3. Wittgenstein mostly relied on visual metaphors like Bild (generally translated as ‘picture’) to describe how propositions, construed in his formal terms, correspond to reality/truth, but he also proposed a series of other analogies. At one point he turned to the technologies of sound reproduction:

gramophone

§4.014 A gramophone record, the musical idea, the written notes, and the sound-waves, all stand to one another in the same internal relation of depicting that holds between language and the world.

At another he invoked the history of writing systems:

§4.016 In order to understand the essential nature of a proposition, we should consider hieroglyphic script, which depicts the facts that it describes.

       And alphabetic script developed out of it without losing what was essential to depiction.

Anticipating and partly explaining these analogies, he noted:

§4.011 At first sight a proposition—one set out on a printed page, for example—does not seem to be a picture of the reality with which it is concerned.

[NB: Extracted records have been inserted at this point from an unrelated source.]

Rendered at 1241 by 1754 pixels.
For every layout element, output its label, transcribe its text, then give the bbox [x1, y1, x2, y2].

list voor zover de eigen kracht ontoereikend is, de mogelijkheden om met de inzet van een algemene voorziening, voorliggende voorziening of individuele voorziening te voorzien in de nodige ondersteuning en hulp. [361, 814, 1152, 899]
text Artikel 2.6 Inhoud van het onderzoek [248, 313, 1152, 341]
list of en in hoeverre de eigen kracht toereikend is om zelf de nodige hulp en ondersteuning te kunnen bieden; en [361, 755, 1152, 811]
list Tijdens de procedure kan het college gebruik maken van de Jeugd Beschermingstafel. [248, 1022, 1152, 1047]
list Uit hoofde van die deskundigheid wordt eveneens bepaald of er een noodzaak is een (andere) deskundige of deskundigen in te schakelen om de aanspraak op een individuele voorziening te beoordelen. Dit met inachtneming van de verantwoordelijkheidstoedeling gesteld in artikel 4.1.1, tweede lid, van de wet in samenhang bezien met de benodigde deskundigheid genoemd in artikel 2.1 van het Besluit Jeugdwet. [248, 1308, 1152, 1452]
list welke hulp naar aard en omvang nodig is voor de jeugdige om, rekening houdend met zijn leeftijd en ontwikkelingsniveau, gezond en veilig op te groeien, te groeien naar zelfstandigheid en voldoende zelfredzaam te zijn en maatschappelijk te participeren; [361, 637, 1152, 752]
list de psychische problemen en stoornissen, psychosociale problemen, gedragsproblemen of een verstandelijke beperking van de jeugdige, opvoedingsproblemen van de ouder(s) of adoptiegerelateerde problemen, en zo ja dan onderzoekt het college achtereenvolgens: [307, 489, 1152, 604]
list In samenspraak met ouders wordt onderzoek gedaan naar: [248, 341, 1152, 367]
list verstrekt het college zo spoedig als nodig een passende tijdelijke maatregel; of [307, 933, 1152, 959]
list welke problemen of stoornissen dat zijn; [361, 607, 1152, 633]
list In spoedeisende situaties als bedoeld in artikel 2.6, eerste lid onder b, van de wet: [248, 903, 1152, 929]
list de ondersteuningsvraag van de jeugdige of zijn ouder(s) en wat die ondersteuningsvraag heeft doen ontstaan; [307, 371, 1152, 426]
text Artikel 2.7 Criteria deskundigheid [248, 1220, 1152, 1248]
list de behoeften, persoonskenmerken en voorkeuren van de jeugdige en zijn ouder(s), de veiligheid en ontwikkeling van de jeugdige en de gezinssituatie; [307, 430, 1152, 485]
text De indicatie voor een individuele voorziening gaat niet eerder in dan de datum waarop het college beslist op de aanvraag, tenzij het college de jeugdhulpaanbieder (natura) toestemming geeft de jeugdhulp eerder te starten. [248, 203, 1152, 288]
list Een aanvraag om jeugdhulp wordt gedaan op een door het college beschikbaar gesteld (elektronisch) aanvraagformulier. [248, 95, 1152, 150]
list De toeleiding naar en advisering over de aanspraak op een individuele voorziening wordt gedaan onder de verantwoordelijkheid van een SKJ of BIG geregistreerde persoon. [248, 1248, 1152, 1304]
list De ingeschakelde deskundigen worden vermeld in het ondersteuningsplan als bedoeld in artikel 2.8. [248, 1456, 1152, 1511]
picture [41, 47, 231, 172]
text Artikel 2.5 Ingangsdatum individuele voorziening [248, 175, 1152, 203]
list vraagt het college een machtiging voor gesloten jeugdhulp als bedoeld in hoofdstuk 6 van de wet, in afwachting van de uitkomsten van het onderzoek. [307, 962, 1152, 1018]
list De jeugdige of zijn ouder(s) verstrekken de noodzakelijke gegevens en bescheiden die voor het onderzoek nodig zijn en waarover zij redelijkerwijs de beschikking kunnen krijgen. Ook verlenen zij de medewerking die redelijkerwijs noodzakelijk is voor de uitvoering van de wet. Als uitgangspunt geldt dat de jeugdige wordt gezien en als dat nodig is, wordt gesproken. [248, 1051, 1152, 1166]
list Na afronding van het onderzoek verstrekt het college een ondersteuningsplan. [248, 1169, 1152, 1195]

But no more does musical notation at first sight seem to be a picture of music, nor our phonetic notation (the alphabet) to be a picture of our speech.

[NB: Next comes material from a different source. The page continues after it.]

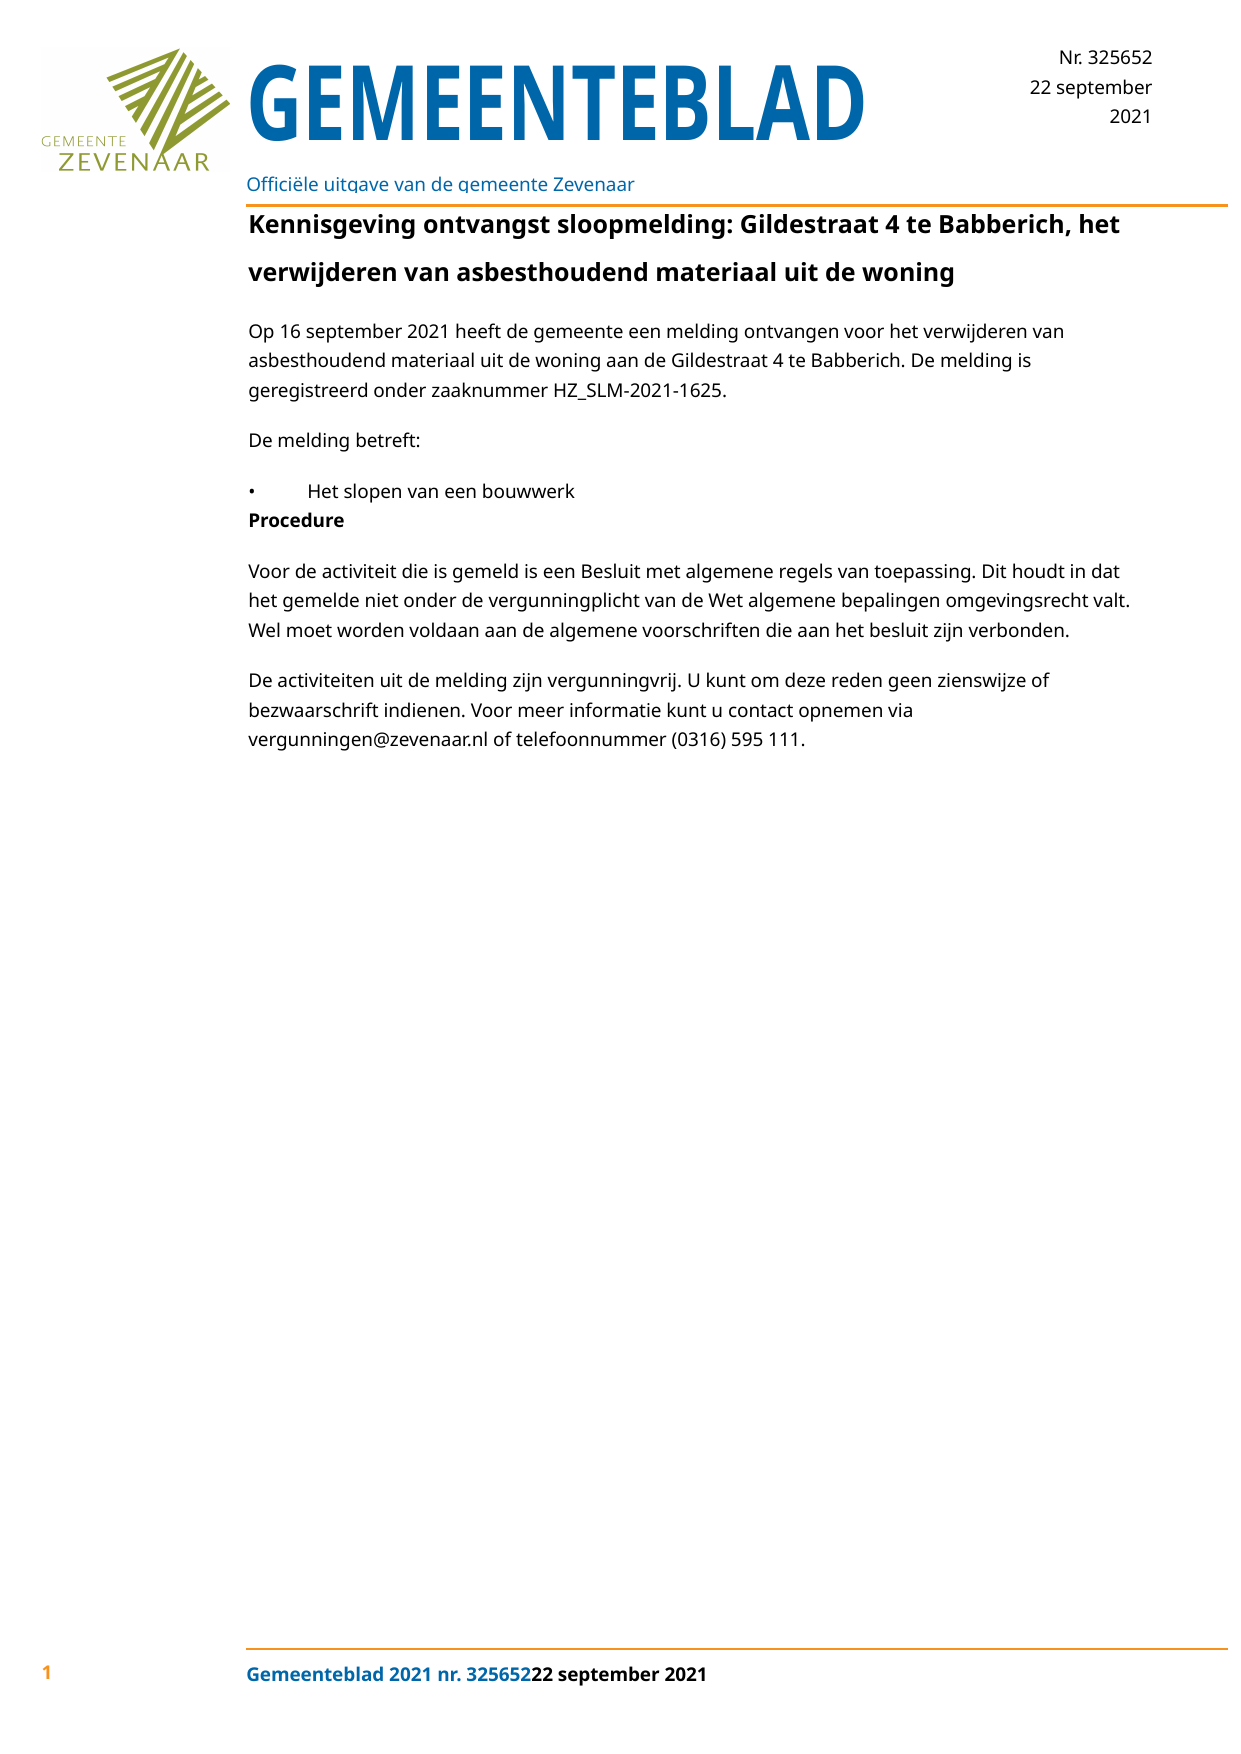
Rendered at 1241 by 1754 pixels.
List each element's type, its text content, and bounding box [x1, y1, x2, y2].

       And yet these sign-languages prove to be pictures, even in the ordinary sense, of what they represent.

In German, the shift from ‘phonetic notation’ to ‘alphabet’ to ‘speech’ is more suggestive as we move from Lautzeichen-Schrift (literally ‘sounded-signs-script’, e.g. IPA) to Buchstaben-Schrift (‘letters-script’ or more literally ‘book-staves-script’) to Lautsprache (‘sounded-speech’). By setting out the first two as ‘Lautzeichen- (Buchstaben-) Schrift’, Wittgenstein implied that both forms of writing can be understood as direct transcriptions of speech.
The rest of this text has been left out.